La nostra casa ci dà protezione e sicurezza, ma ci dà anche tanto da fare. Oltre alle normali pulizie ogni tanto dobbiamo effettuare qualche opera di manutenzione. Vediamo come si riparano le crepe dei muri.

Foto Canva

Anche una casa perfettamente intonacata e imbiancata, col tempo, può mostrare dei segni di usura. Le piccole crepe si formano sia all’interno che all’esterno per diversi motivi. Dall’umidità o da qualche infiltrazione di acqua, ma anche per assestamenti fisiologici delle strutture portanti. Naturalmente succede anche se l’intonacatura non è stata eseguita a regola d’arte.

Riparare delle piccole crepe non è difficile, e possiamo fare questo lavoro anche in autonomia. Il vantaggio è ovviamente economico, perché risparmieremo sul costo di un professionista.

Dobbiamo però capire la tipologia di crepa che si è formata. Piccole screziature nei muri sono normali, ma crepe più profonde sono da tenere sott’occhio. Infatti potrebbero segnalare un cedimento strutturale, più o meno importante. In quel caso è davvero meglio chiamare un esperto, perché è in gioco la sicurezza.

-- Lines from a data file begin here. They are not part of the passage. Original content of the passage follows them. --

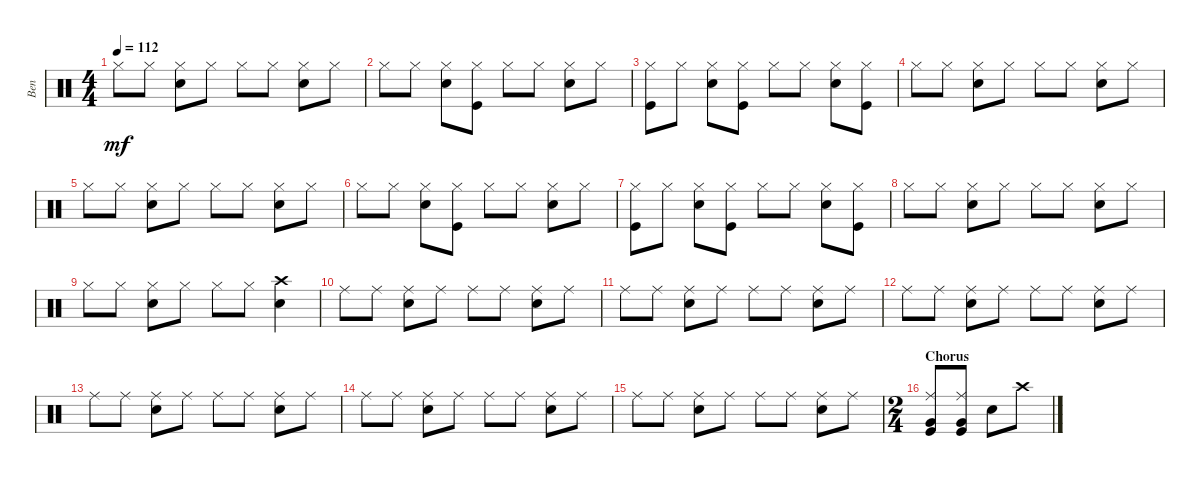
\track ("Ben" "Ben") {instrument percussion}
\staff {score}
\articulation defaults
\ts (4 4)
\tempo 112
\clef neutral
\ks c "Hi-Hat (closed)".8{dy mf} "Hi-Hat (closed)".8
("Hi-Hat (closed)" "Snare (hit) 2").8 "Hi-Hat (closed)".8 "Hi-Hat (closed)".8 "Hi-Hat (closed)".8 ("Hi-Hat (closed)" "Snare (hit) 2").8 "Hi-Hat (closed)".8 |
"Hi-Hat (closed)".8 "Hi-Hat (closed)".8 ("Hi-Hat (closed)" "Snare (hit) 2").8 ("Hi-Hat (closed)" "Kick (hit)").8 "Hi-Hat (closed)".8 "Hi-Hat (closed)".8 ("Hi-Hat (closed)" "Snare (hit) 2").8 "Hi-Hat (closed)".8 |
("Hi-Hat (closed)" "Kick (hit)").8 "Hi-Hat (closed)".8 ("Hi-Hat (closed)" "Snare (hit) 2").8 ("Hi-Hat (closed)" "Kick (hit)").8 "Hi-Hat (closed)".8 "Hi-Hat (closed)".8 ("Hi-Hat (closed)" "Snare (hit) 2").8 ("Hi-Hat (closed)" "Kick (hit)").8 |
"Hi-Hat (closed)".8 "Hi-Hat (closed)".8 ("Hi-Hat (closed)" "Snare (hit) 2").8 "Hi-Hat (closed)".8 "Hi-Hat (closed)".8 "Hi-Hat (closed)".8 ("Hi-Hat (closed)" "Snare (hit) 2").8 "Hi-Hat (closed)".8 |
"Hi-Hat (closed)".8 "Hi-Hat (closed)".8 ("Hi-Hat (closed)" "Snare (hit) 2").8 "Hi-Hat (closed)".8 "Hi-Hat (closed)".8 "Hi-Hat (closed)".8 ("Hi-Hat (closed)" "Snare (hit) 2").8 "Hi-Hat (closed)".8 |
"Hi-Hat (closed)".8 "Hi-Hat (closed)".8 ("Hi-Hat (closed)" "Snare (hit) 2").8 ("Hi-Hat (closed)" "Kick (hit)").8 "Hi-Hat (closed)".8 "Hi-Hat (closed)".8 ("Hi-Hat (closed)" "Snare (hit) 2").8 "Hi-Hat (closed)".8 |
("Hi-Hat (closed)" "Kick (hit)").8 "Hi-Hat (closed)".8 ("Hi-Hat (closed)" "Snare (hit) 2").8 ("Hi-Hat (closed)" "Kick (hit)").8 "Hi-Hat (closed)".8 "Hi-Hat (closed)".8 ("Hi-Hat (closed)" "Snare (hit) 2").8 ("Hi-Hat (closed)" "Kick (hit)").8 |
"Hi-Hat (closed)".8 "Hi-Hat (closed)".8 ("Hi-Hat (closed)" "Snare (hit) 2").8 "Hi-Hat (closed)".8 "Hi-Hat (closed)".8 "Hi-Hat (closed)".8 ("Hi-Hat (closed)" "Snare (hit) 2").8 "Hi-Hat (closed)".8 |
"Hi-Hat (closed)".8 "Hi-Hat (closed)".8 ("Hi-Hat (closed)" "Snare (hit) 2").8 "Hi-Hat (closed)".8 "Hi-Hat (closed)".8 "Hi-Hat (closed)".8 ("Snare (hit) 2" "Crash high (hit)").4 |
"Ride (middle)".8 "Ride (middle)".8 ("Ride (middle)" "Snare (hit) 2").8 "Ride (middle)".8 "Ride (middle)".8 "Ride (middle)".8 ("Ride (middle)" "Snare (hit) 2").8 "Ride (middle)".8 |
"Ride (middle)".8 "Ride (middle)".8 ("Ride (middle)" "Snare (hit) 2").8 "Ride (middle)".8 "Ride (middle)".8 "Ride (middle)".8 ("Ride (middle)" "Snare (hit) 2").8 "Ride (middle)".8 |
"Ride (middle)".8 "Ride (middle)".8 ("Ride (middle)" "Snare (hit) 2").8 "Ride (middle)".8 "Ride (middle)".8 "Ride (middle)".8 ("Ride (middle)" "Snare (hit) 2").8 "Ride (middle)".8 |
"Ride (middle)".8 "Ride (middle)".8 ("Ride (middle)" "Snare (hit) 2").8 "Ride (middle)".8 "Ride (middle)".8 "Ride (middle)".8 ("Ride (middle)" "Snare (hit) 2").8 "Ride (middle)".8 |
"Ride (middle)".8 "Ride (middle)".8 ("Ride (middle)" "Snare (hit) 2").8 "Ride (middle)".8 "Ride (middle)".8 "Ride (middle)".8 ("Ride (middle)" "Snare (hit) 2").8 "Ride (middle)".8 |
"Ride (middle)".8 "Ride (middle)".8 ("Ride (middle)" "Snare (hit) 2").8 "Ride (middle)".8 "Ride (middle)".8 "Ride (middle)".8 ("Ride (middle)" "Snare (hit) 2").8 "Ride (middle)".8 |
\ts (2 4)
\section ("" "Chorus")
("Kick (hit)" "Ride (middle)" "Very Low Tom (hit)").8 ("Kick (hit)" "Ride (middle)" "Very Low Tom (hit)").8 "Snare (hit) 2".8 "Crash high (hit)".8

Come riconoscere una crepa “pericolosa”

Solitamente, alcune piccole crepe possono formarsi e non dare nessun problema, oltre a quello estetico. Ma dobbiamo stare attenti a quelle che segnalano un cedimento dell’edificio, magari dovuto a cambiamenti nel terreno su cui sono state create le fondamenta. Non dimentichiamo che le crepe si formano anche in caso di terremoto. In alcune zone del nostro Paese le scosse sono più frequenti e dunque chi vi abita sa che ogni tanto deve controllare la stabilità dell’edificio.

Generalmente, se una crepa si dirama diagonalmente al muro, anche di 45°, è già un segno di qualcosa da approfondire. Se poi congiunge i lati opposti della parete è meglio chiamare un esperto. Se invece si tratta di una piccola crepa possiamo ripararla da soli. Ecco come.

Crepe nei muri come ripararle con pochi strumenti e risparmiare sulle spese

Se vogliamo riportare a nuovo una parete che ha delle crepe possiamo farlo in autonomia. Bastano davvero poche cose. Innanzitutto guanti, mascherina e un telo. E poi dello Stucco per pareti già pronto, che si trova facilmente dal Ferramenta, così come una spatola liscia e della carta abrasiva o carta vetrata dalla grana sottile.

Per prima cosa dobbiamo ripulire la zona intorno alla crepa. Con la spatola togliamo tutta la vernice che si stacca e gli eventuali frammenti di intonaco che vengono via. Con una spugna asciutta togliamo poi la polvere. Si tratta di un’azione fondamentale perché il muro su cui lavoriamo deve essere completamente asciutto e pulito.

Adesso possiamo riempire la crepa con lo stucco, usando sempre la spatola. Basta prenderne una piccola quantità e cominciare a inserirla nella fessura. La spatola stessa ci aiuterà a stenderla bene e a togliere la quantità in eccesso. Si tratta di un lavoro di precisione, ma non è impossibile. Con un po’ di pratica capiremo i movimenti giusti da fare.

Terminata la fase di riempimento, lasciamo seccare lo stucco per almeno due giorni, o per il tempo indicato nel barattolo. Le tempistiche variano anche in base all’umidità presente nell’abitazione. Più è alta e più tempo ci vorrà per asciugare lo stucco.

Trascorso il tempo necessario, controlliamo il lavoro e pareggiamo lo stucco con la carta abrasiva. Infine, passiamo una mano di vernice. Il muro è tornato come nuovo, abbiamo risparmiato, e magari ci siamo anche divertiti perché fare i lavoretti in casa è davvero molto gratificante.